Samples with high contamination from chloroplast DNA in 16S analysis

Sparkle · October 21, 2019, 2:03pm

Hello! This is a conceptual question, but I'd like to hear your opinons here.
I'm running a 16S analysis on some old plant samples, performed through Roche454 pyrosequencing 5 years ago.
I used the latest version (gg_13_8) of the Greengenes database to build my taxonomy reference file and then performed the taxonomic analysis, resulting in the following barplot:

The dark blue part of the bars is labelled as 'k__Bacteria;p__Cyanobacteria;c__Chloroplast;o__Streptophyta;f__;g__;s__'

Chloroplast

Sadly, I think the problem is due to a bad primer choice (27 and 533).

I don't think there is any way to obtain something useful from these results, because the contamination affects more than half of the samples making comparisons impossible, but I'm asking just out of curiosity.

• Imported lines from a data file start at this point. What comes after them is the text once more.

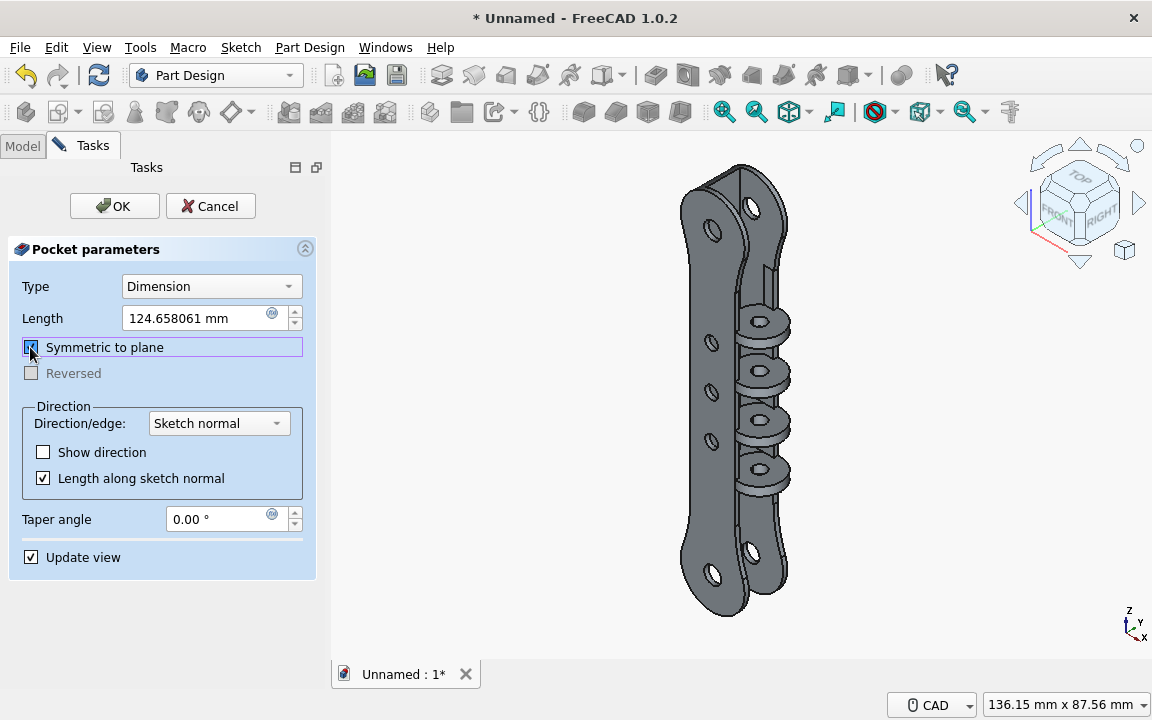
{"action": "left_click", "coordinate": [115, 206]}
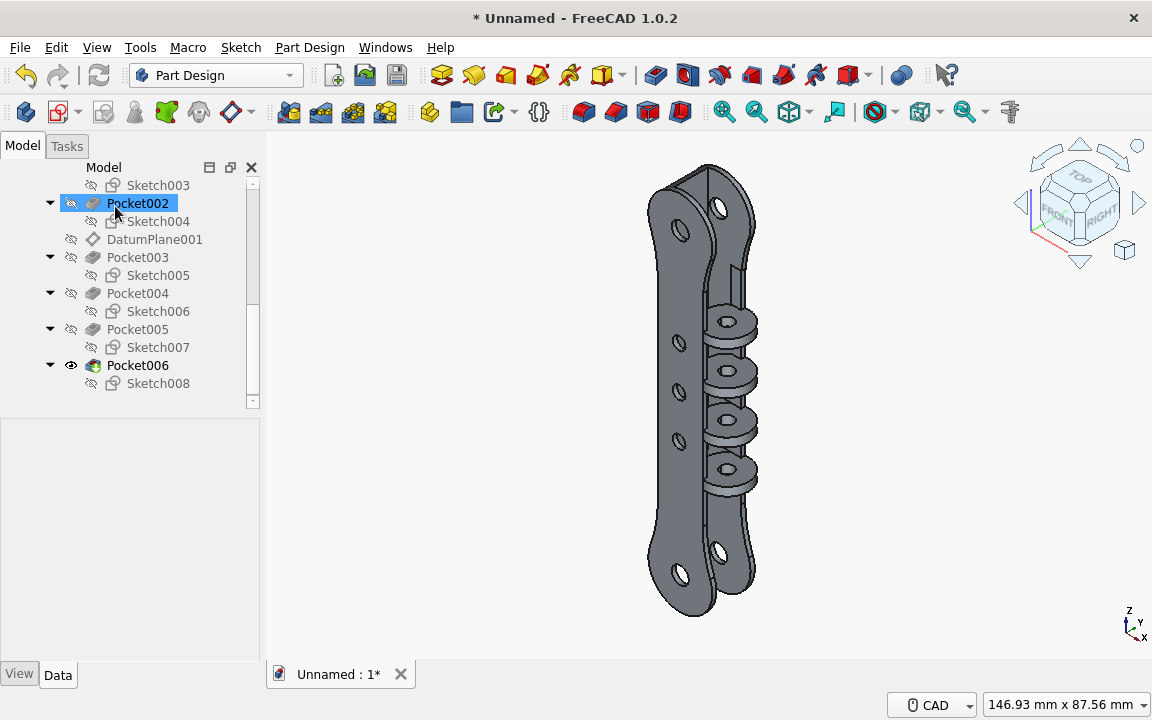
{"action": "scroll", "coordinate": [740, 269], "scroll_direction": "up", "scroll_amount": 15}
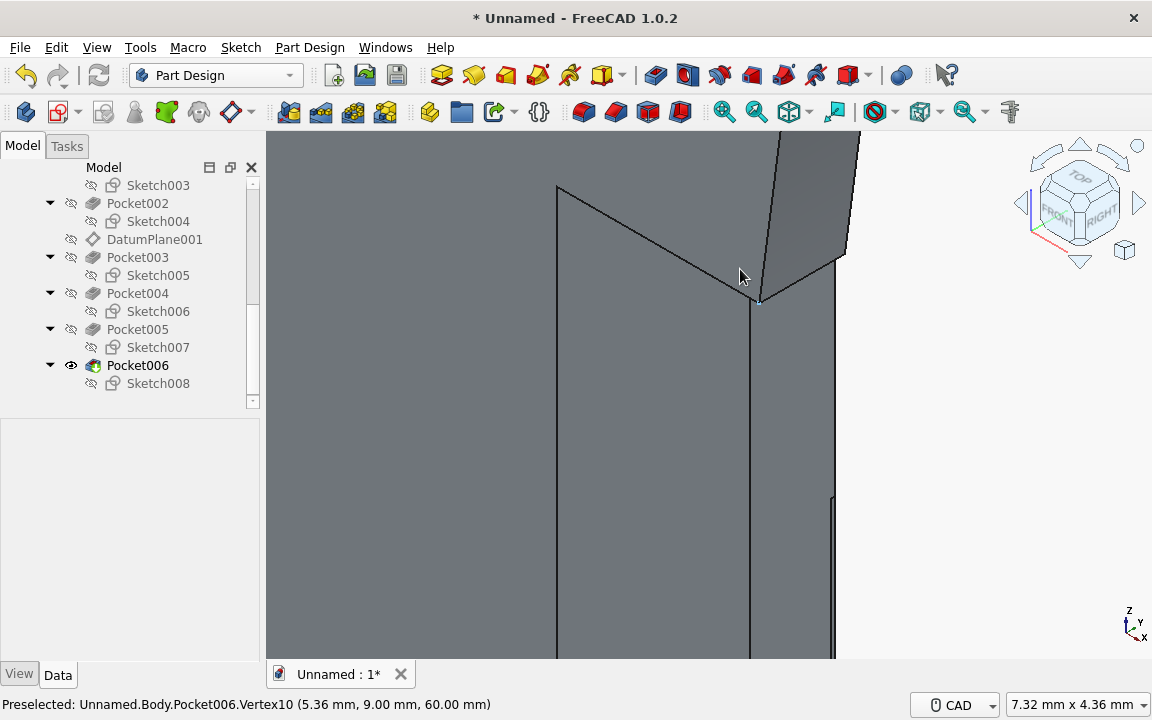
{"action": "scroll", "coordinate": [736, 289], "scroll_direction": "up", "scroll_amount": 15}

By reading the QIIME2 tutorial, I noticed the feature-classifier extract-reads method makes it possible to perform a training on the basis of the primers sequences, and it has been proven to improve results. I doubt that, but do you think this would make the results even slightly better?

Any other suggestions?
Thanks in advance.

Nicholas_Bokulich · October 21, 2019, 2:12pm

Hi @Sparkle

No, since your issue is chloroplast amplification extract-reads will not help — your reads are chloroplast any way you cut it

The only advice I can give is to use qiime taxa filter-table to drop all chloroplast reads and hope you have enough reads and samples left over to make a meaningful analysis.

Sparkle · October 21, 2019, 2:24pm

Thanks for your answer!

I had already tried that.

qiime taxa filter-table --i-table uchime-dn-out_cr_new/table-nonchimeric-wo-borderline.qza --i-taxonomy gg_13_8/gg_13_8_otus/taxonomy.qza --p-exclude mitochondria,chloroplast --o-filtered-table table-no-mitochondria-no-chloroplast_cr.qza

As I said, in the plot chloroplast DNA is represented by the dark blue part of the bars. Sadly, too many samples, 6 out of 12, are only constituted of this type of DNA.

I think the experiment has to be repeated, with a more specific primer choice and maybe with Illumina reads this time.